* **Dataset entries**
<<<<
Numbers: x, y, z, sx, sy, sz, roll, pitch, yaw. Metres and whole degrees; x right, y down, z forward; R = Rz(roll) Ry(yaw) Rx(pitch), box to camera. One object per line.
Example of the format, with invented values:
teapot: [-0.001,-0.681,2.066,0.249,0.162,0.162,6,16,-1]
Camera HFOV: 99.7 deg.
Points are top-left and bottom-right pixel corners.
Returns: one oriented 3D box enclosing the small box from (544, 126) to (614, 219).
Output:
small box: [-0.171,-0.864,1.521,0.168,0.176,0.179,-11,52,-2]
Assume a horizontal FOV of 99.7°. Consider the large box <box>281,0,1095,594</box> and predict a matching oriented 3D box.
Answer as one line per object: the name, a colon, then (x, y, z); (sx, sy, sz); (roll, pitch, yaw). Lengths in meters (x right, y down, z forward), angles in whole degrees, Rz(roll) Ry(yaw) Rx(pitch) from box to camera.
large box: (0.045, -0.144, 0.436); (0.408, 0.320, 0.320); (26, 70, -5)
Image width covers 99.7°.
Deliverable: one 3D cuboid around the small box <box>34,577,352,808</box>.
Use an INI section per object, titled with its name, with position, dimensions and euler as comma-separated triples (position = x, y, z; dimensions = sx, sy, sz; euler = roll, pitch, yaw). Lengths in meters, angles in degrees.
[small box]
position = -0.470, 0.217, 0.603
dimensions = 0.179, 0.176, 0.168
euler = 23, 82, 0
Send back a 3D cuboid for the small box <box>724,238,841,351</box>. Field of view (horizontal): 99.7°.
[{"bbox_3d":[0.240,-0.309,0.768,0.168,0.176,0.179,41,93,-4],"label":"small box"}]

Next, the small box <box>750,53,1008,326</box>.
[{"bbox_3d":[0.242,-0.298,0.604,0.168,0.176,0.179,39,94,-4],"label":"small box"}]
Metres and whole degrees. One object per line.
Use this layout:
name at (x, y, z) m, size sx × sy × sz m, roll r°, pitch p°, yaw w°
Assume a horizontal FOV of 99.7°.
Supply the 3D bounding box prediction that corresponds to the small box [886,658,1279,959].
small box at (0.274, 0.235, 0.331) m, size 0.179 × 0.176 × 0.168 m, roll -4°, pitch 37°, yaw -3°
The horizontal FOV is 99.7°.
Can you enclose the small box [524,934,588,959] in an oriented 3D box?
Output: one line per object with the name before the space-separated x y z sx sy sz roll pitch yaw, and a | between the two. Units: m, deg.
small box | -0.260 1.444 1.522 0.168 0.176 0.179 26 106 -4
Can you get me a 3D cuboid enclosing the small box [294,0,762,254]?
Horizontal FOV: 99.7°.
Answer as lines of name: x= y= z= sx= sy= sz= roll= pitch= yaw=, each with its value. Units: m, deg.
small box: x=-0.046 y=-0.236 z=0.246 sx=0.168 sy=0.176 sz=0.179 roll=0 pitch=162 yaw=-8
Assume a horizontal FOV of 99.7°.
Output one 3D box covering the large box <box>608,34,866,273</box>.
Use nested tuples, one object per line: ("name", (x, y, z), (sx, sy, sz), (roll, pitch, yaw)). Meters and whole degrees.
>>>>
* **Task requirements**
The required output is the full set of entries, reproduced verbatim.

* **The answer**
Numbers: x, y, z, sx, sy, sz, roll, pitch, yaw. Metres and whole degrees; x right, y down, z forward; R = Rz(roll) Ry(yaw) Rx(pitch), box to camera. One object per line.
Example of the format, with invented values:
teapot: [-0.001,-0.681,2.066,0.249,0.162,0.162,6,16,-1]
Camera HFOV: 99.7 deg.
Points are top-left and bottom-right pixel corners.
Returns: one oriented 3D box enclosing the small box from (544, 126) to (614, 219).
Output:
small box: [-0.171,-0.864,1.521,0.168,0.176,0.179,-11,52,-2]
Assume a horizontal FOV of 99.7°. Consider the large box <box>281,0,1095,594</box> and predict a matching oriented 3D box.
Answer as one line per object: the name, a colon, then (x, y, z); (sx, sy, sz); (roll, pitch, yaw). Lengths in meters (x right, y down, z forward), angles in whole degrees, Rz(roll) Ry(yaw) Rx(pitch) from box to camera.
large box: (0.045, -0.144, 0.436); (0.408, 0.320, 0.320); (26, 70, -5)
Image width covers 99.7°.
Deliverable: one 3D cuboid around the small box <box>34,577,352,808</box>.
Use an INI section per object, titled with its name, with position, dimensions and euler as comma-separated triples (position = x, y, z; dimensions = sx, sy, sz; euler = roll, pitch, yaw). Lengths in meters, angles in degrees.
[small box]
position = -0.470, 0.217, 0.603
dimensions = 0.179, 0.176, 0.168
euler = 23, 82, 0
Send back a 3D cuboid for the small box <box>724,238,841,351</box>. Field of view (horizontal): 99.7°.
[{"bbox_3d":[0.240,-0.309,0.768,0.168,0.176,0.179,41,93,-4],"label":"small box"}]

Next, the small box <box>750,53,1008,326</box>.
[{"bbox_3d":[0.242,-0.298,0.604,0.168,0.176,0.179,39,94,-4],"label":"small box"}]
Metres and whole degrees. One object per line.
Use this layout:
name at (x, y, z) m, size sx × sy × sz m, roll r°, pitch p°, yaw w°
Assume a horizontal FOV of 99.7°.
Supply the 3D bounding box prediction that corresponds to the small box [886,658,1279,959].
small box at (0.274, 0.235, 0.331) m, size 0.179 × 0.176 × 0.168 m, roll -4°, pitch 37°, yaw -3°
The horizontal FOV is 99.7°.
Can you enclose the small box [524,934,588,959] in an oriented 3D box?
Output: one line per object with the name before the space-separated x y z sx sy sz roll pitch yaw, and a | between the two. Units: m, deg.
small box | -0.260 1.444 1.522 0.168 0.176 0.179 26 106 -4
Can you get me a 3D cuboid enclosing the small box [294,0,762,254]?
Horizontal FOV: 99.7°.
Answer as lines of name: x= y= z= sx= sy= sz= roll= pitch= yaw=, each with its value. Units: m, deg.
small box: x=-0.046 y=-0.236 z=0.246 sx=0.168 sy=0.176 sz=0.179 roll=0 pitch=162 yaw=-8
Assume a horizontal FOV of 99.7°.
Output one 3D box covering the large box <box>608,34,866,273</box>.
Use nested tuples, one object per line: ("name", (x, y, z), (sx, sy, sz), (roll, pitch, yaw)). Meters and whole degrees.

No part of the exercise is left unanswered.